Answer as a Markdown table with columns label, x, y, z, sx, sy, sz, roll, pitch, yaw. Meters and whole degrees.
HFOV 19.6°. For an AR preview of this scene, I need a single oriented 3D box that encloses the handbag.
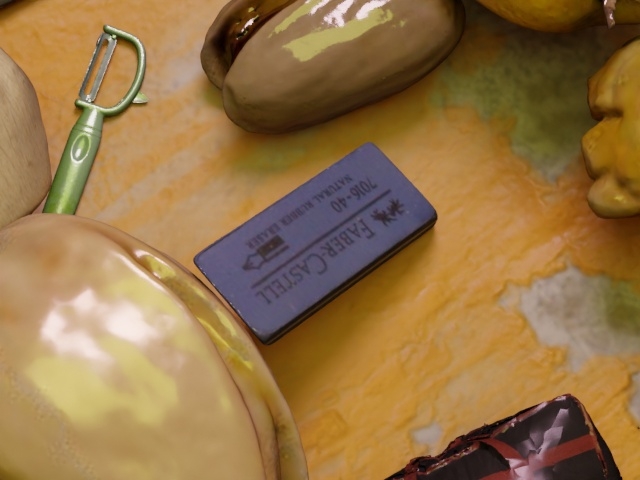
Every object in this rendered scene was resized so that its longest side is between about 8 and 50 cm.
| label | x | y | z | sx | sy | sz | roll | pitch | yaw |
| --- | --- | --- | --- | --- | --- | --- | --- | --- | --- |
| handbag | 0.123 | 0.222 | 1.330 | 0.215 | 0.155 | 0.169 | -24 | 72 | -4 |

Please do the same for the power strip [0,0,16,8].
| label | x | y | z | sx | sy | sz | roll | pitch | yaw |
| --- | --- | --- | --- | --- | --- | --- | --- | --- | --- |
| power strip | -0.373 | -0.270 | 1.460 | 0.251 | 0.092 | 0.257 | -26 | 83 | -10 |

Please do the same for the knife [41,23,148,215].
| label | x | y | z | sx | sy | sz | roll | pitch | yaw |
| --- | --- | --- | --- | --- | --- | --- | --- | --- | --- |
| knife | -0.181 | -0.066 | 1.459 | 0.054 | 0.015 | 0.212 | 20 | 78 | -5 |

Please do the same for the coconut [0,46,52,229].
| label | x | y | z | sx | sy | sz | roll | pitch | yaw |
| --- | --- | --- | --- | --- | --- | --- | --- | --- | --- |
| coconut | -0.306 | -0.072 | 1.371 | 0.224 | 0.224 | 0.224 | 0 | 78 | -1 |

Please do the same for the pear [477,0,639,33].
| label | x | y | z | sx | sy | sz | roll | pitch | yaw |
| --- | --- | --- | --- | --- | --- | --- | --- | --- | --- |
| pear | 0.176 | -0.314 | 1.373 | 0.285 | 0.285 | 0.336 | -36 | 50 | -8 |

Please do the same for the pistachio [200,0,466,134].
| label | x | y | z | sx | sy | sz | roll | pitch | yaw |
| --- | --- | --- | --- | --- | --- | --- | --- | --- | --- |
| pistachio | 0.011 | -0.156 | 1.434 | 0.206 | 0.131 | 0.129 | -24 | 35 | -1 |

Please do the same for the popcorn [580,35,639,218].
| label | x | y | z | sx | sy | sz | roll | pitch | yaw |
| --- | --- | --- | --- | --- | --- | --- | --- | --- | --- |
| popcorn | 0.314 | -0.086 | 1.380 | 0.253 | 0.191 | 0.190 | -22 | 99 | 9 |

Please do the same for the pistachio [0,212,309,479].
| label | x | y | z | sx | sy | sz | roll | pitch | yaw |
| --- | --- | --- | --- | --- | --- | --- | --- | --- | --- |
| pistachio | -0.140 | 0.126 | 1.314 | 0.321 | 0.238 | 0.229 | 57 | 39 | -1 |

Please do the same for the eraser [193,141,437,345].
| label | x | y | z | sx | sy | sz | roll | pitch | yaw |
| --- | --- | --- | --- | --- | --- | --- | --- | --- | --- |
| eraser | 0.000 | 0.000 | 1.382 | 0.082 | 0.036 | 0.225 | 49 | 51 | 9 |
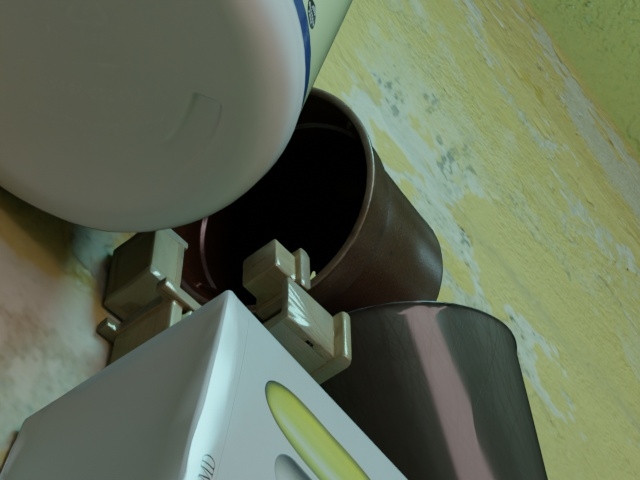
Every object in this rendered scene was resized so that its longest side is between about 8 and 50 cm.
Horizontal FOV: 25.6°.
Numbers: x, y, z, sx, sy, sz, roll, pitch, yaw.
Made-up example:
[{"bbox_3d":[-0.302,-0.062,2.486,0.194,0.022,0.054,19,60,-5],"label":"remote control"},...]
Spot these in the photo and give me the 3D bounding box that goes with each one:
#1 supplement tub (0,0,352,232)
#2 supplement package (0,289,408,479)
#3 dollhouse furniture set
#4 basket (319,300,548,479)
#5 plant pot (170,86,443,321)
[{"bbox_3d":[-0.093,-0.183,0.892,0.235,0.235,0.325,48,33,-19],"label":"supplement tub"},{"bbox_3d":[-0.046,0.175,0.667,0.203,0.149,0.194,48,24,-21],"label":"supplement package"},{"bbox_3d":[-0.041,0.052,0.828,0.101,0.161,0.182,43,26,-28],"label":"dollhouse furniture set"},{"bbox_3d":[0.080,0.179,0.925,0.204,0.154,0.227,27,40,-48],"label":"basket"},{"bbox_3d":[0.000,0.000,0.998,0.165,0.167,0.167,37,28,-52],"label":"plant pot"}]
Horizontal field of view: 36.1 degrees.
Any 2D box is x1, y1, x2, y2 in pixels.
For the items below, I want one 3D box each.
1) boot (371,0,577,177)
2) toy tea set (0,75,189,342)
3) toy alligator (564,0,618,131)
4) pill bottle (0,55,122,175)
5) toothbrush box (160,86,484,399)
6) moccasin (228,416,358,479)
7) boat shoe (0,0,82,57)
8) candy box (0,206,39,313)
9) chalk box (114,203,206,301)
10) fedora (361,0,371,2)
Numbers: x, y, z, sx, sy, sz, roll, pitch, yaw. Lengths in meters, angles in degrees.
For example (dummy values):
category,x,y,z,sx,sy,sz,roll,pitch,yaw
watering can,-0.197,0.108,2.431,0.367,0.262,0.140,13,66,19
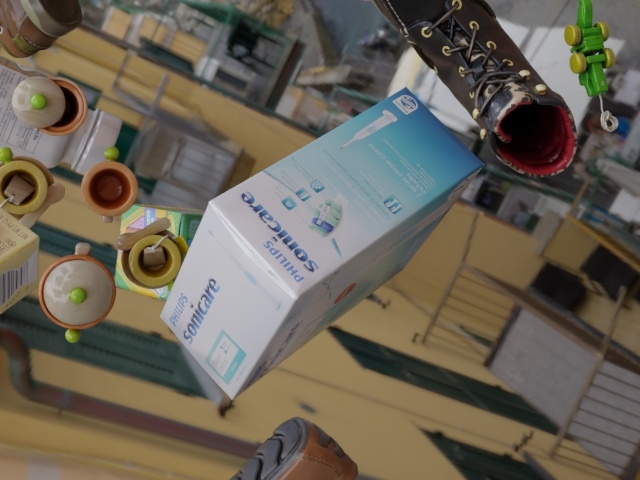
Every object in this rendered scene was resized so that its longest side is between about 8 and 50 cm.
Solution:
category,x,y,z,sx,sy,sz,roll,pitch,yaw
boot,0.221,-0.265,1.425,0.138,0.377,0.284,-37,47,12
toy tea set,-0.313,-0.042,1.254,0.200,0.336,0.124,-31,12,-9
toy alligator,0.373,-0.240,1.365,0.051,0.056,0.189,169,90,-76
pill bottle,-0.423,-0.182,1.474,0.131,0.229,0.131,-55,21,34
toothbrush box,0.000,0.000,1.020,0.295,0.126,0.216,-33,-16,-38
moccasin,-0.111,0.404,1.319,0.380,0.147,0.139,-45,21,-1
boat shoe,-0.404,-0.373,1.199,0.104,0.111,0.307,-24,84,27
candy box,-0.434,0.052,0.886,0.316,0.183,0.087,-42,-20,-40
chalk box,-0.252,0.029,1.941,0.289,0.180,0.179,9,93,47
fedora,0.056,-0.543,1.677,0.275,0.244,0.124,46,150,25
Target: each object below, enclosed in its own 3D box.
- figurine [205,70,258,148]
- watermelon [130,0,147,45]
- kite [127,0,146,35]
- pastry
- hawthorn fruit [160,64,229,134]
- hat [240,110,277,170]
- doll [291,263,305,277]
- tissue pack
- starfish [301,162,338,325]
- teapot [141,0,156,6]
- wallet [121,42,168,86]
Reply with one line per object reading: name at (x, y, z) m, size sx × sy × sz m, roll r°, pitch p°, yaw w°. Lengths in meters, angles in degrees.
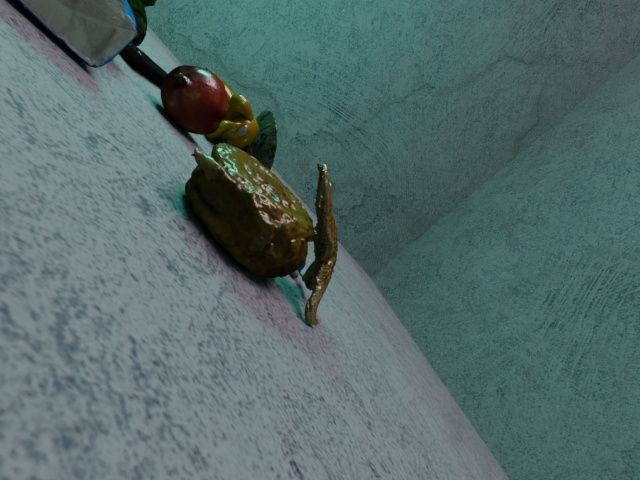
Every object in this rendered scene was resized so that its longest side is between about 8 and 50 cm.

****************

Scan the listing for the string "each" and copy every line that carries it.

Spot these in the photo and give me the 3D bounding box that goes with each one:
For the items below, I want one 3D box each.
Target: each object below, enclosed in its own 3D box.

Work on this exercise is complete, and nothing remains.